- Opening Delimiter -
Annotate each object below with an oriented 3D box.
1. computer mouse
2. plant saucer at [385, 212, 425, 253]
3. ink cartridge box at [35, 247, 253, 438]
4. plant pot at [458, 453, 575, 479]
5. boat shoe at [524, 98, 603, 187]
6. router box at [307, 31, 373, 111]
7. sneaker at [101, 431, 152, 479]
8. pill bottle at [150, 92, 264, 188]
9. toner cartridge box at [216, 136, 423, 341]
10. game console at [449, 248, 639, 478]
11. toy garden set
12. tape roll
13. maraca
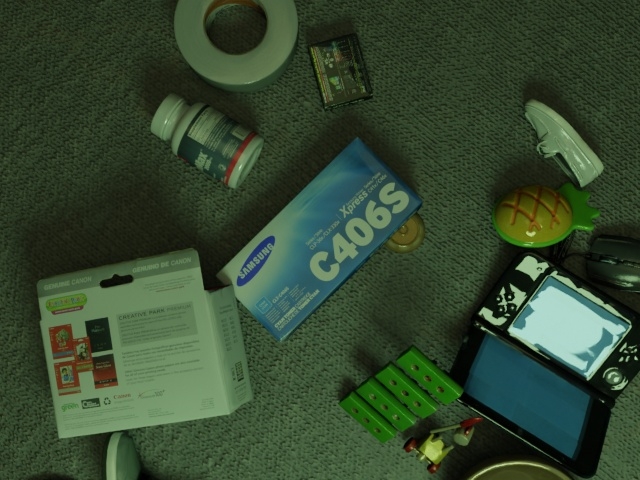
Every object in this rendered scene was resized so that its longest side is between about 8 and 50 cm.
[{"bbox_3d":[0.522,0.074,1.437,0.262,0.060,0.184,18,87,1],"label":"computer mouse"},{"bbox_3d":[0.149,-0.018,1.463,0.083,0.015,0.083,0,88,0],"label":"plant saucer"},{"bbox_3d":[-0.296,0.167,1.362,0.309,0.130,0.272,-10,89,14],"label":"ink cartridge box"},{"bbox_3d":[0.333,0.461,1.383,0.237,0.110,0.237,1,101,7],"label":"plant pot"},{"bbox_3d":[0.423,-0.171,1.451,0.063,0.066,0.184,-44,98,-3],"label":"boat shoe"},{"bbox_3d":[0.036,-0.303,1.463,0.092,0.038,0.122,-15,87,-1],"label":"router box"},{"bbox_3d":[-0.261,0.461,1.385,0.178,0.124,0.295,-11,95,4],"label":"sneaker"},{"bbox_3d":[-0.201,-0.179,1.423,0.180,0.108,0.108,30,88,2],"label":"pill bottle"},{"bbox_3d":[0.000,0.000,1.424,0.348,0.075,0.165,-45,82,-1],"label":"toner cartridge box"},{"bbox_3d":[0.399,0.202,1.367,0.293,0.173,0.250,31,111,1],"label":"game console"},{"bbox_3d":[0.171,0.284,1.365,0.204,0.244,0.049,42,49,-1],"label":"toy garden set"},{"bbox_3d":[-0.148,-0.378,1.450,0.219,0.072,0.219,0,87,-1],"label":"tape roll"},{"bbox_3d":[0.393,-0.046,1.421,0.186,0.099,0.127,-12,58,-4],"label":"maraca"}]
- Closing Delimiter -
Print the material above exactly, skipping its images.

Annotate each object below with an oriented 3D box.
1. computer mouse
2. plant saucer at [385, 212, 425, 253]
3. ink cartridge box at [35, 247, 253, 438]
4. plant pot at [458, 453, 575, 479]
5. boat shoe at [524, 98, 603, 187]
6. router box at [307, 31, 373, 111]
7. sneaker at [101, 431, 152, 479]
8. pill bottle at [150, 92, 264, 188]
9. toner cartridge box at [216, 136, 423, 341]
10. game console at [449, 248, 639, 478]
11. toy garden set
12. tape roll
13. maraca
Every object in this rendered scene was resized so that its longest side is between about 8 and 50 cm.
[{"bbox_3d":[0.522,0.074,1.437,0.262,0.060,0.184,18,87,1],"label":"computer mouse"},{"bbox_3d":[0.149,-0.018,1.463,0.083,0.015,0.083,0,88,0],"label":"plant saucer"},{"bbox_3d":[-0.296,0.167,1.362,0.309,0.130,0.272,-10,89,14],"label":"ink cartridge box"},{"bbox_3d":[0.333,0.461,1.383,0.237,0.110,0.237,1,101,7],"label":"plant pot"},{"bbox_3d":[0.423,-0.171,1.451,0.063,0.066,0.184,-44,98,-3],"label":"boat shoe"},{"bbox_3d":[0.036,-0.303,1.463,0.092,0.038,0.122,-15,87,-1],"label":"router box"},{"bbox_3d":[-0.261,0.461,1.385,0.178,0.124,0.295,-11,95,4],"label":"sneaker"},{"bbox_3d":[-0.201,-0.179,1.423,0.180,0.108,0.108,30,88,2],"label":"pill bottle"},{"bbox_3d":[0.000,0.000,1.424,0.348,0.075,0.165,-45,82,-1],"label":"toner cartridge box"},{"bbox_3d":[0.399,0.202,1.367,0.293,0.173,0.250,31,111,1],"label":"game console"},{"bbox_3d":[0.171,0.284,1.365,0.204,0.244,0.049,42,49,-1],"label":"toy garden set"},{"bbox_3d":[-0.148,-0.378,1.450,0.219,0.072,0.219,0,87,-1],"label":"tape roll"},{"bbox_3d":[0.393,-0.046,1.421,0.186,0.099,0.127,-12,58,-4],"label":"maraca"}]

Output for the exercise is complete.